Failures often start as misunderstandings. With client-facing projects, it’s critical to watch what happened rather than assume why something failed.

Do you have a product that generates lots of returns that aren’t based on material or fit-&-finish complaints? If so, watch your customers try to use these things. This can be uncomfortable, but it’s hugely valuable. People will struggle, or make different assumptions than you would. You’ll see where they are frustrated & wonder how they got to that point.

Observation will usually provide the insight needed to fix the problem. With any product or service experiencing substantial returns (or churn), dig a little deeper into why people return them.

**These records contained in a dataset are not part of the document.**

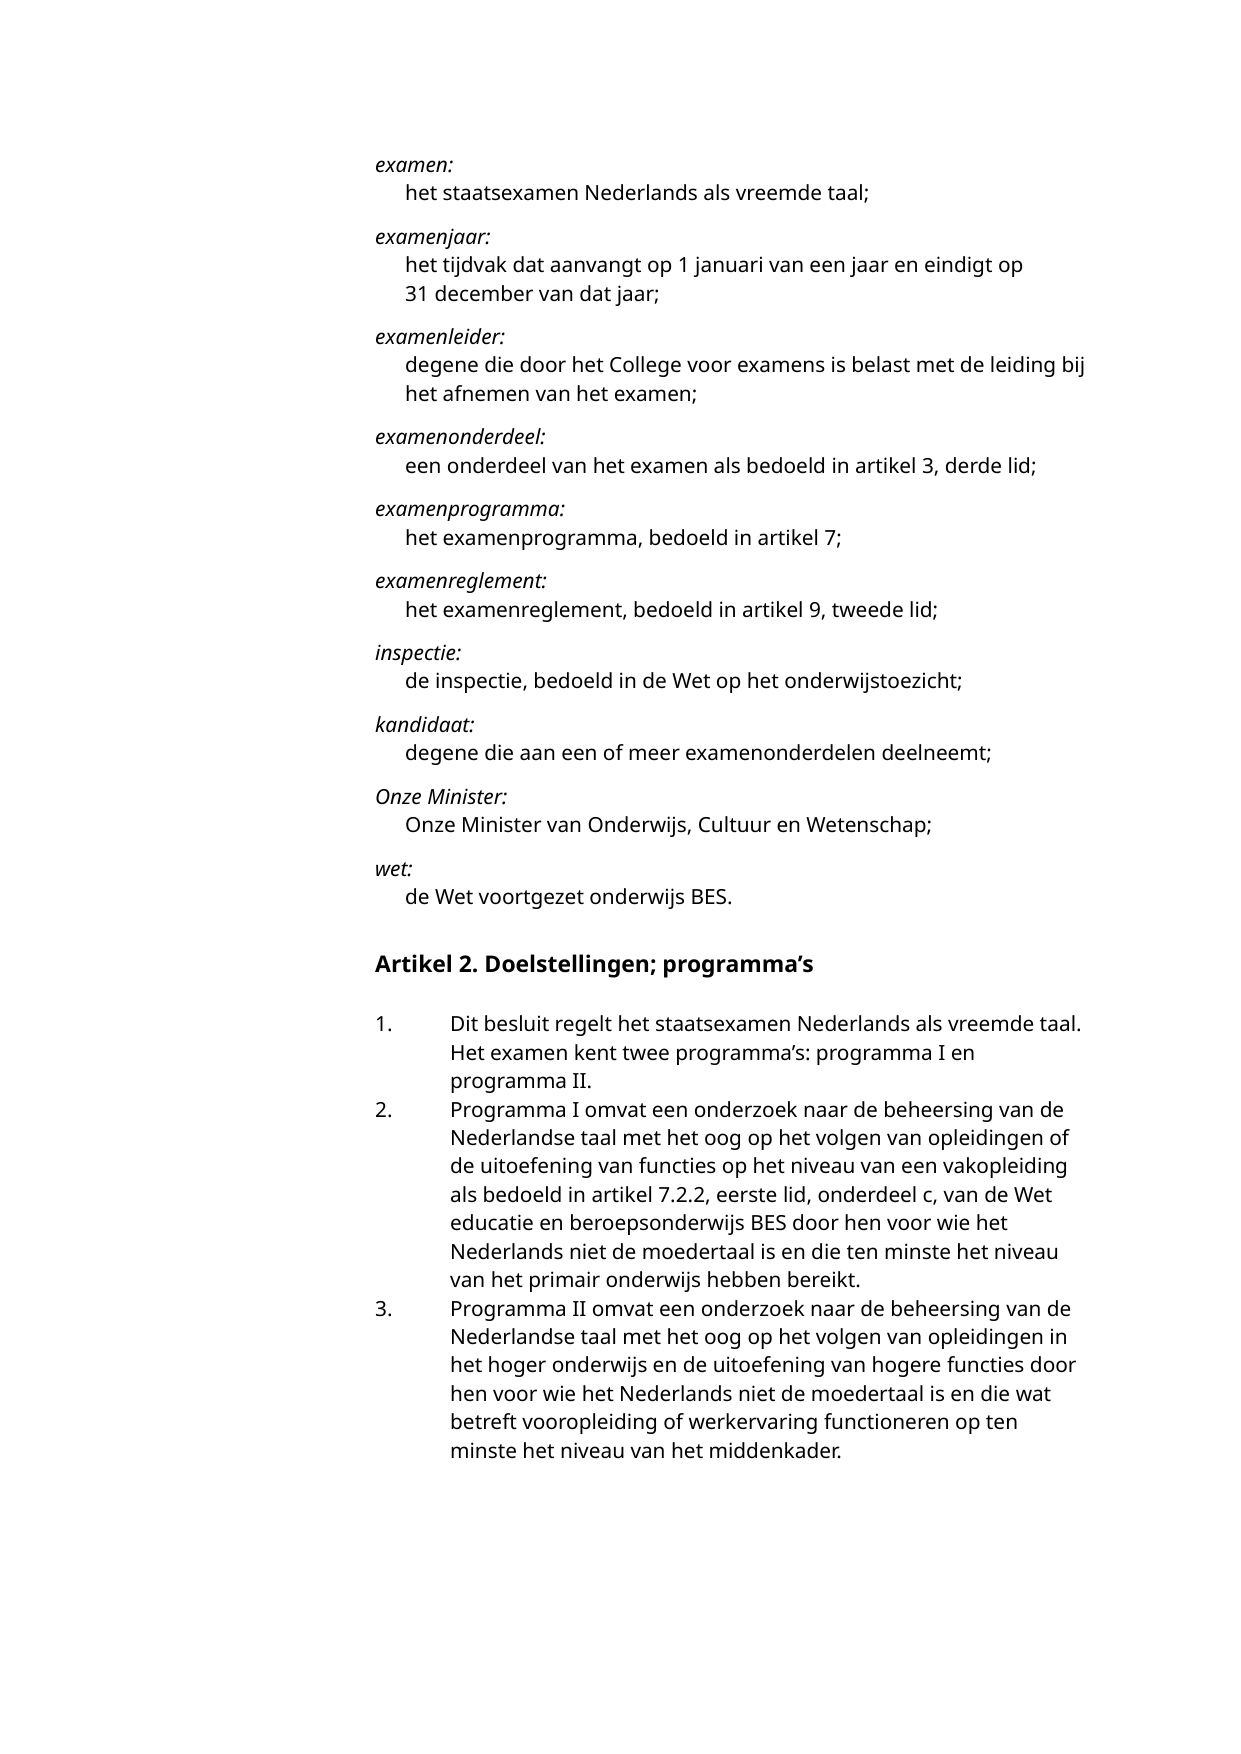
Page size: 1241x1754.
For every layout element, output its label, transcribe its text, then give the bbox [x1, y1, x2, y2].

text het staatsexamen Nederlands als vreemde taal; [405, 178, 1090, 207]
text examen: [375, 150, 1090, 178]
text examenjaar: [375, 222, 1090, 250]
text degene die aan een of meer examenonderdelen deelneemt; [405, 738, 1090, 767]
text examenreglement: [375, 566, 1090, 595]
text Onze Minister: [375, 782, 1090, 810]
text degene die door het College voor examens is belast met de leiding bij het afnemen van het examen; [405, 351, 1090, 407]
text wet: [375, 854, 1090, 882]
list Dit besluit regelt het staatsexamen Nederlands als vreemde taal. Het examen kent twee programma’s: programma I en programma II. [375, 1009, 1090, 1095]
list Programma II omvat een onderzoek naar de beheersing van de Nederlandse taal met het oog op het volgen van opleidingen in het hoger onderwijs en de uitoefening van hogere functies door hen voor wie het Nederlands niet de moedertaal is en die wat betreft vooropleiding of werkervaring functioneren op ten minste het niveau van het middenkader. [375, 1294, 1090, 1464]
text examenleider: [375, 322, 1090, 351]
text de inspectie, bedoeld in de Wet op het onderwijstoezicht; [405, 667, 1090, 695]
text inspectie: [375, 638, 1090, 667]
text kandidaat: [375, 710, 1090, 738]
text de Wet voortgezet onderwijs BES. [405, 882, 1090, 911]
subtitle Artikel 2. Doelstellingen; programma’s [375, 948, 1090, 979]
text examenonderdeel: [375, 422, 1090, 451]
list Programma I omvat een onderzoek naar de beheersing van de Nederlandse taal met het oog op het volgen van opleidingen of de uitoefening van functies op het niveau van een vakopleiding als bedoeld in artikel 7.2.2, eerste lid, onderdeel c, van de Wet educatie en beroepsonderwijs BES door hen voor wie het Nederlands niet de moedertaal is en die ten minste het niveau van het primair onderwijs hebben bereikt. [375, 1095, 1090, 1294]
text een onderdeel van het examen als bedoeld in artikel 3, derde lid; [405, 451, 1090, 479]
text examenprogramma: [375, 494, 1090, 523]
text het examenprogramma, bedoeld in artikel 7; [405, 523, 1090, 551]
text Onze Minister van Onderwijs, Cultuur en Wetenschap; [405, 810, 1090, 839]
text het tijdvak dat aanvangt op 1 januari van een jaar en eindigt op 31 december van dat jaar; [405, 250, 1090, 307]
text het examenreglement, bedoeld in artikel 9, tweede lid; [405, 595, 1090, 623]

There’s always something customers aren’t telling you. They bought a product, so they care about what it does. They haven’t told you the important thing because they haven’t been asked the right question.

Got a few more things on the list? Keep going.

Little hinges swing big doors

With that list of new tasks, you might feel a bit overwhelmed. It might look insurmountable, but it’ll be fine if you break it down into achievable chunks. It’s easy to look at the list you’ve made and freak out a little.

Take a deep breath.

There are probably things you do now that someone else could do, or that could be automated, or that when you really think about it… don’t need to be done at all or as often.

For the next four days, set aside 30 minutes per day:

Day One: Review your daily / weekly todo list for recurring items. Eliminate one that really doesn’t have to be done, or that doesn’t have to be done every week.

Day Two: Identify one daily or weekly task that can be automated and get the automation process going. It doesn’t matter how. Use IFTTT, ask a programmer, ask someone else to help you automate it, etc. Don’t let the how get you stuck. Ask for help.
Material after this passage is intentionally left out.